Data records -
= = = =

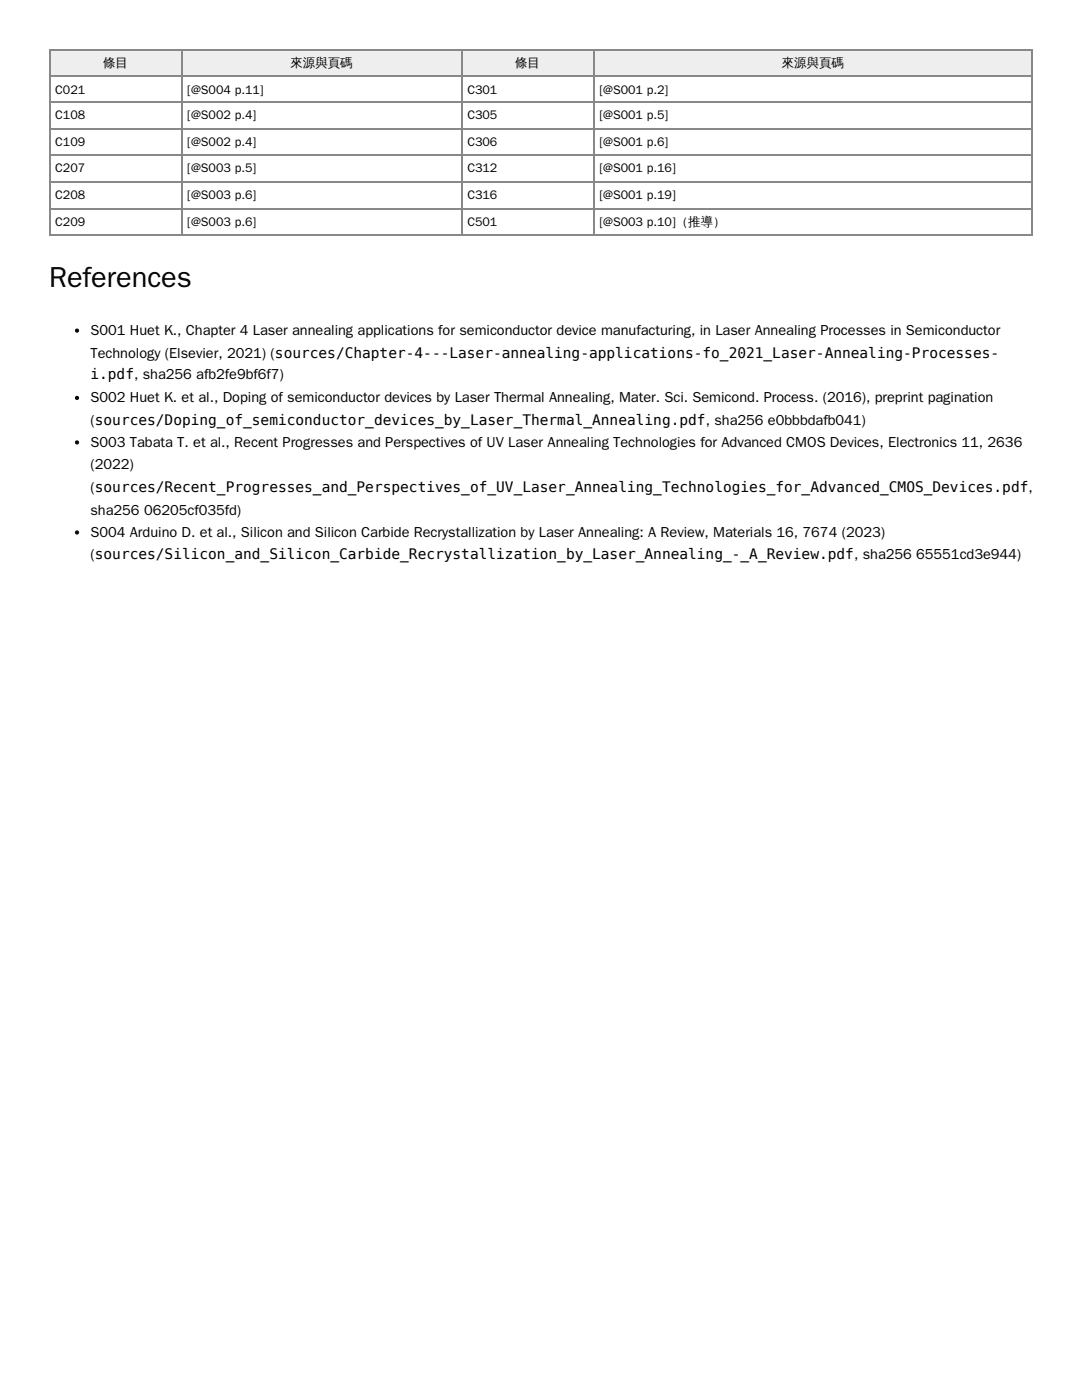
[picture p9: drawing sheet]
<svg xmlns="http://www.w3.org/2000/svg" width="216mm" height="279mm" viewBox="0 0 216 279" stroke-linecap="round" stroke-linejoin="round" font-family="sans-serif">
<defs><g id="words">
<text font-size="5.8" x="9.8" y="57.3">References</text>
<g font-size="2.9">
<text x="18.1" y="66.8">S001 Huet K., Chapter 4 Laser annealing applications for semiconductor device manufacturing, in Laser Annealing Processes in Semiconductor</text>
<text x="18.1" y="71.4">Technology (Elsevier, 2021) (sources/Chapter-4---Laser-annealing-applications-fo_2021_Laser-Annealing-Processes-</text>
<text x="18.1" y="75.7">i.pdf, sha256 afb2fe9bf6f7)</text>
<text x="18.1" y="80.2">S002 Huet K. et al., Doping of semiconductor devices by Laser Thermal Annealing, Mater. Sci. Semicond. Process. (2016), preprint pagination</text>
<text x="18.1" y="84.8">(sources/Doping_of_semiconductor_devices_by_Laser_Thermal_Annealing.pdf, sha256 e0bbbdafb041)</text>
<text x="18.1" y="89.1">S003 Tabata T. et al., Recent Progresses and Perspectives of UV Laser Annealing Technologies for Advanced CMOS Devices, Electronics 11, 2636</text>
<text x="18.1" y="93.7">(2022)</text>
<text x="18.1" y="98.2">(sources/Recent_Progresses_and_Perspectives_of_UV_Laser_Annealing_Technologies_for_Advanced_CMOS_Devices.pdf,</text>
<text x="18.1" y="102.8">sha256 06205cf035fd)</text>
<text x="18.1" y="107.1">S004 Arduino D. et al., Silicon and Silicon Carbide Recrystallization by Laser Annealing: A Review, Materials 16, 7674 (2023)</text>
<text x="18.1" y="111.6">(sources/Silicon_and_Silicon_Carbide_Recrystallization_by_Laser_Annealing_-_A_Review.pdf, sha256 65551cd3e944)</text>
</g>
<g font-size="2.5">
<text x="20.6" y="13.3">條目</text>
<text x="58" y="13.3">來源與頁碼</text>
<text x="102.8" y="13.3">條目</text>
<text x="156" y="13.3">來源與頁碼</text>
<text x="11" y="18.7">C021</text>
<text x="11" y="23.8">C108</text>
<text x="37.4" y="18.7">[@S004 p.11]</text>
<text x="37.4" y="23.8">[@S002 p.4]</text>
<text x="93.3" y="18.7">C301</text>
<text x="93.3" y="23.8">C305</text>
<text x="119.6" y="18.7">[@S001 p.2]</text>
<text x="119.6" y="23.8">[@S001 p.5]</text>
<text x="11" y="29.2">C109</text>
<text x="37.4" y="29.2">[@S002 p.4]</text>
<text x="93.3" y="29.2">C306</text>
<text x="119.6" y="29.2">[@S001 p.6]</text>
<text x="11" y="34.4">C207</text>
<text x="37.4" y="34.4">[@S003 p.5]</text>
<text x="93.3" y="34.4">C312</text>
<text x="119.6" y="34.4">[@S001 p.16]</text>
<text x="11" y="39.7">C208</text>
<text x="37.4" y="39.7">[@S003 p.6]</text>
<text x="93.3" y="39.7">C316</text>
<text x="119.6" y="39.7">[@S001 p.19]</text>
<text x="11" y="45.1">C209</text>
<text x="37.4" y="45.1">[@S003 p.6]</text>
<text x="93.3" y="45.1">C501</text>
<text x="119.6" y="45.1">[@S003 p.10]（推導）</text>
</g>
</g></defs>
<g fill="#eee">
<path d="M10 10h26.2v5.2h-26.2z"/>
<path d="M36.2 10h56v5.2h-56z"/>
<path d="M92.2 10h26.3v5.2h-26.3z"/>
<path d="M118.5 10h87.5v5.2h-87.5z"/>
</g>
<path d="M9.8 9.9h196.2M9.8 15.3h196.2M9.9 9.8v37.2M36.3 9.8v37.2M92.1 9.8v37.2M118.6 9.8v37.2M9.8 20.4h196.2M9.8 25.8h196.2M9.8 31h196.2M9.8 36.3h196.2M9.8 41.7h196.2M9.8 46.9h196.2" fill="none" stroke="#888" stroke-width=".21"/>
<path d="M205.9 9.8v37.2" fill="none" stroke="#888" stroke-width=".2"/>
<g fill="#000">
<circle cx="15.4" cy="79.4" r=".41"/>
<circle cx="15.4" cy="66" r=".41"/>
<circle cx="15.4" cy="88.3" r=".41"/>
<circle cx="15.4" cy="106.3" r=".41"/>
</g>
<use href="#words"/>
</svg>

= = = =

Problem statement - Leave out the pictures and repeat exactly the lines from the first line of the data through the line containing "Processes in Semiconductor</text>". Add nothing else.

Solved problem -
[picture p9: drawing sheet]
<svg xmlns="http://www.w3.org/2000/svg" width="216mm" height="279mm" viewBox="0 0 216 279" stroke-linecap="round" stroke-linejoin="round" font-family="sans-serif">
<defs><g id="words">
<text font-size="5.8" x="9.8" y="57.3">References</text>
<g font-size="2.9">
<text x="18.1" y="66.8">S001 Huet K., Chapter 4 Laser annealing applications for semiconductor device manufacturing, in Laser Annealing Processes in Semiconductor</text>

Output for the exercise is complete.